Task item>
Repeat precisely the line in which "The width and" occurs and all lines that follow it in the entries below. Pictures must be omitted.

Extracted records
----

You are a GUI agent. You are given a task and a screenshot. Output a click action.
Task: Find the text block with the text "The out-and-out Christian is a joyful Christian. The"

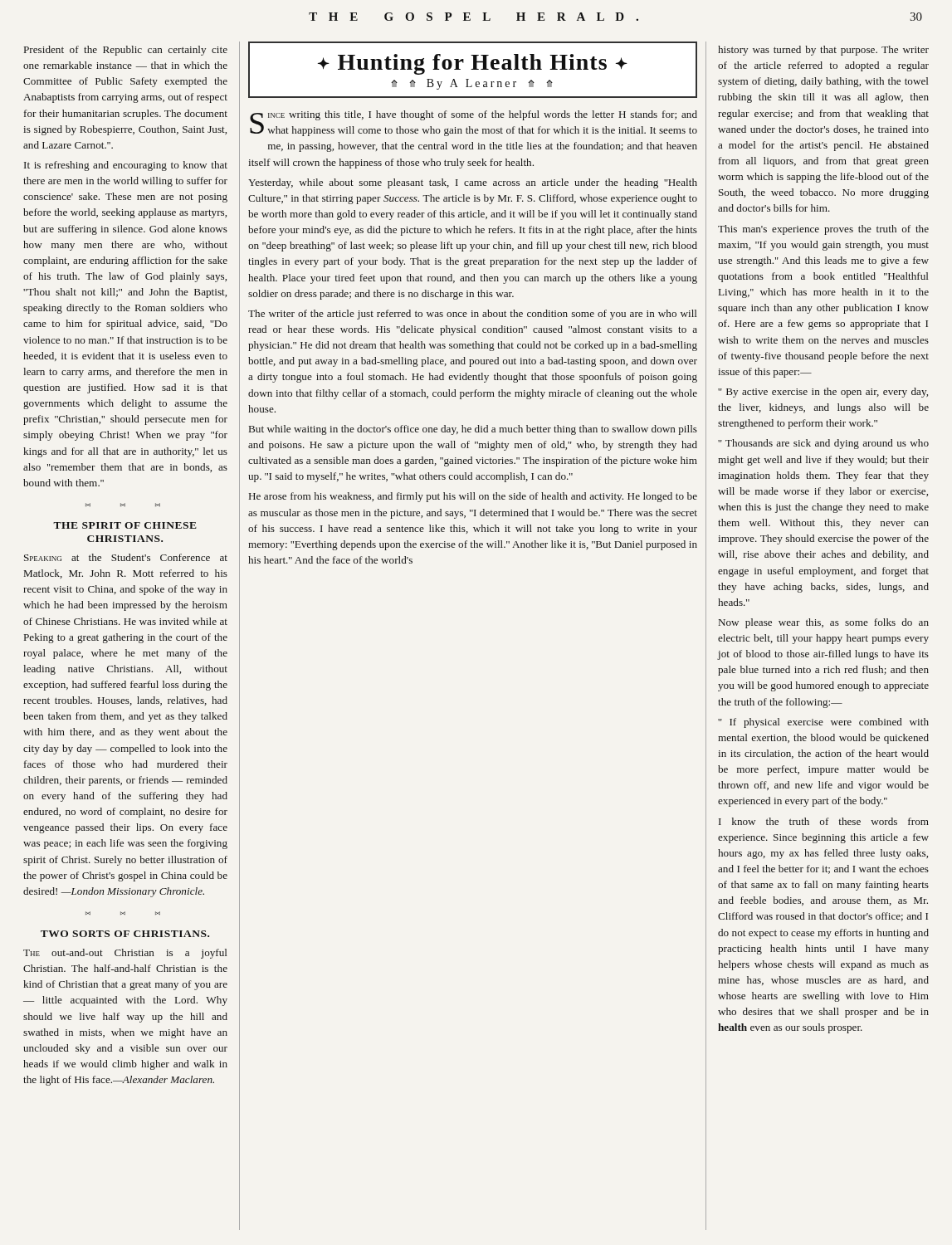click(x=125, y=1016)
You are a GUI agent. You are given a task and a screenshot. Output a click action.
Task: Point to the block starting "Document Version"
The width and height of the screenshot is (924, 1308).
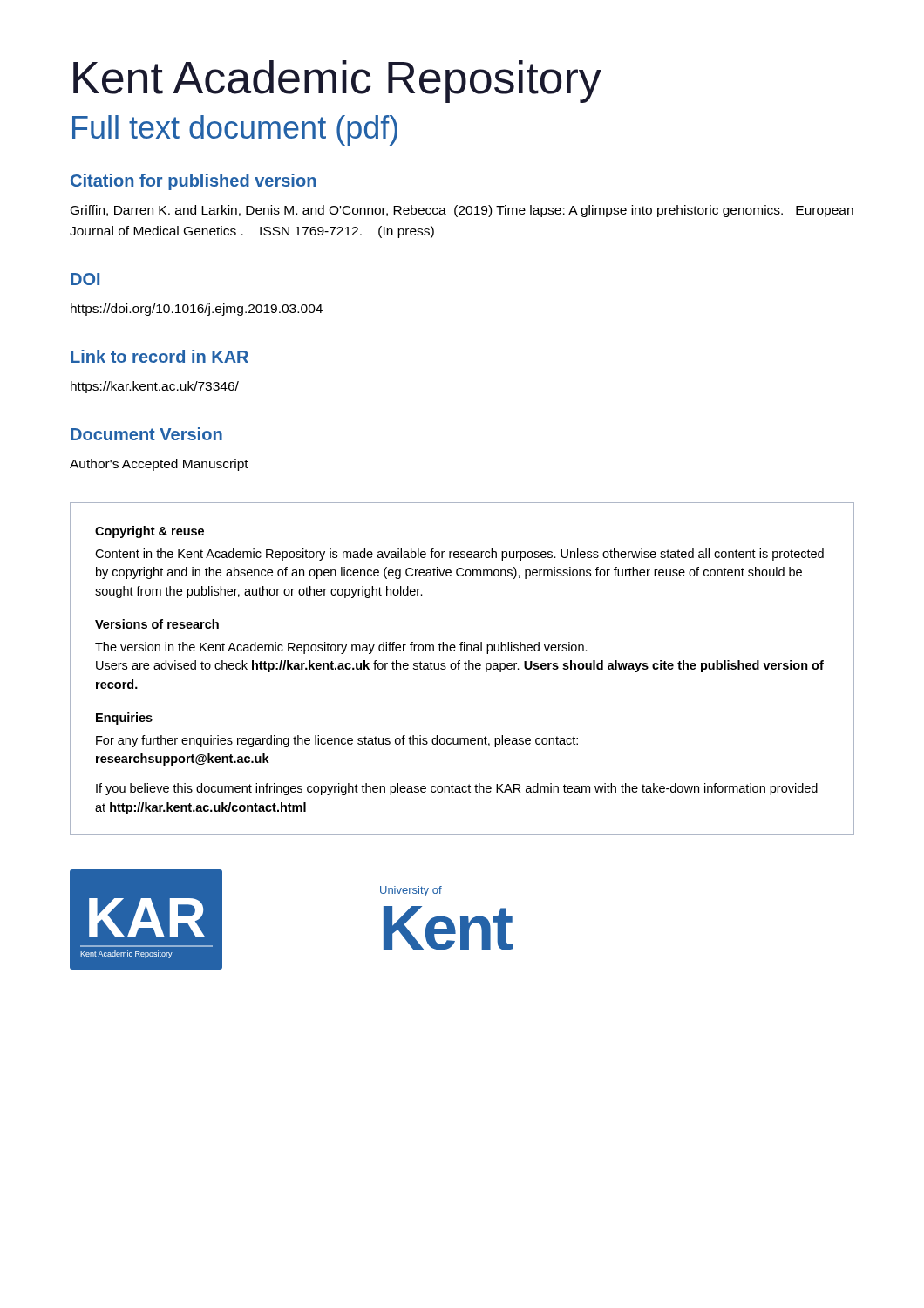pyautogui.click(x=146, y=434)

----

Task answer>
The width and height of the screenshot is (924, 1308).
pyautogui.click(x=146, y=434)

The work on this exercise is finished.